» WHAT IS EXPECTED
Exact copies of all entries are needed. Pictures are to be left out.

----- PROVIDED MATERIAL -----

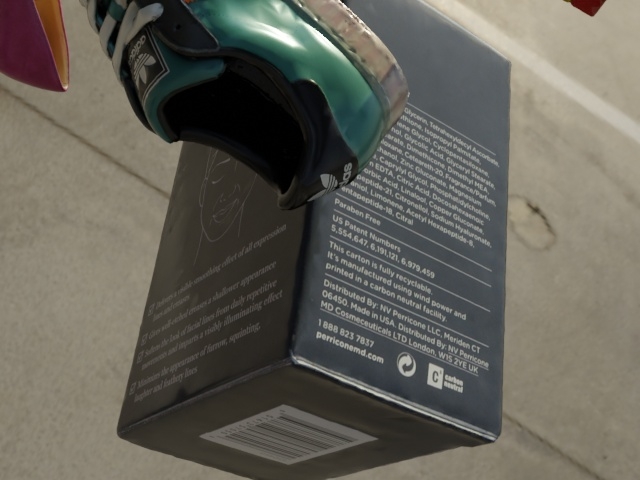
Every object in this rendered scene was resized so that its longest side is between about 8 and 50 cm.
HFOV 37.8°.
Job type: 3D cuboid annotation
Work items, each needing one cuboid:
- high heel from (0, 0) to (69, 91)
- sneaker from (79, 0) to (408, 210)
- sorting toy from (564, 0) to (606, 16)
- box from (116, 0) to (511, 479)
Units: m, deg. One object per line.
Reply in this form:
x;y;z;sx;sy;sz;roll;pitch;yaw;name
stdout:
-0.205;-0.230;0.689;0.117;0.244;0.082;30;26;0;high heel
-0.090;-0.139;0.564;0.302;0.108;0.121;38;52;-1;sneaker
0.170;-0.236;0.489;0.089;0.257;0.255;31;20;3;sorting toy
0.000;0.000;0.881;0.212;0.293;0.396;25;57;-28;box
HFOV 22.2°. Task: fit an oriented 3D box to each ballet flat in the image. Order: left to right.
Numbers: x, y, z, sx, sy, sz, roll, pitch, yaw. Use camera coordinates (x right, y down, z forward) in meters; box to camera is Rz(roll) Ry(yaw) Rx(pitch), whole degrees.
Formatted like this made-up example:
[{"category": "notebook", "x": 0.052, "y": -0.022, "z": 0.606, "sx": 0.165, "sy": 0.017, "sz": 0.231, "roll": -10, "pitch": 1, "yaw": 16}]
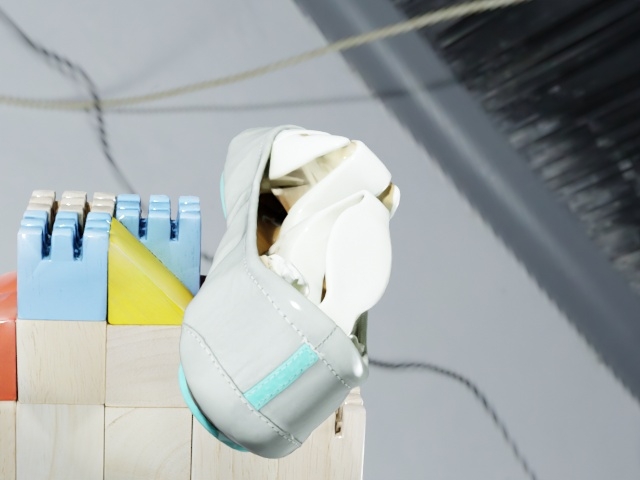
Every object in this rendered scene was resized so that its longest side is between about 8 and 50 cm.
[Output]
[{"category": "ballet flat", "x": 0.000, "y": 0.000, "z": 0.581, "sx": 0.072, "sy": 0.068, "sz": 0.213, "roll": 42, "pitch": 23, "yaw": -15}]

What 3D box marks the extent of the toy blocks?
[{"category": "toy blocks", "x": -0.121, "y": 0.089, "z": 0.934, "sx": 0.382, "sy": 0.191, "sz": 0.260, "roll": 1, "pitch": 106, "yaw": -5}]

-----

» OUTPUT OF THE EXERCISE
Every object in this rendered scene was resized so that its longest side is between about 8 and 50 cm.
HFOV 37.8°.
Job type: 3D cuboid annotation
Work items, each needing one cuboid:
- high heel from (0, 0) to (69, 91)
- sneaker from (79, 0) to (408, 210)
- sorting toy from (564, 0) to (606, 16)
- box from (116, 0) to (511, 479)
Units: m, deg. One object per line.
Reply in this form:
x;y;z;sx;sy;sz;roll;pitch;yaw;name
stdout:
-0.205;-0.230;0.689;0.117;0.244;0.082;30;26;0;high heel
-0.090;-0.139;0.564;0.302;0.108;0.121;38;52;-1;sneaker
0.170;-0.236;0.489;0.089;0.257;0.255;31;20;3;sorting toy
0.000;0.000;0.881;0.212;0.293;0.396;25;57;-28;box
HFOV 22.2°. Task: fit an oriented 3D box to each ballet flat in the image. Order: left to right.
Numbers: x, y, z, sx, sy, sz, roll, pitch, yaw. Use camera coordinates (x right, y down, z forward) in meters; box to camera is Rz(roll) Ry(yaw) Rx(pitch), whole degrees.
Formatted like this made-up example:
[{"category": "notebook", "x": 0.052, "y": -0.022, "z": 0.606, "sx": 0.165, "sy": 0.017, "sz": 0.231, "roll": -10, "pitch": 1, "yaw": 16}]
Every object in this rendered scene was resized so that its longest side is between about 8 and 50 cm.
[Output]
[{"category": "ballet flat", "x": 0.000, "y": 0.000, "z": 0.581, "sx": 0.072, "sy": 0.068, "sz": 0.213, "roll": 42, "pitch": 23, "yaw": -15}]

What 3D box marks the extent of the toy blocks?
[{"category": "toy blocks", "x": -0.121, "y": 0.089, "z": 0.934, "sx": 0.382, "sy": 0.191, "sz": 0.260, "roll": 1, "pitch": 106, "yaw": -5}]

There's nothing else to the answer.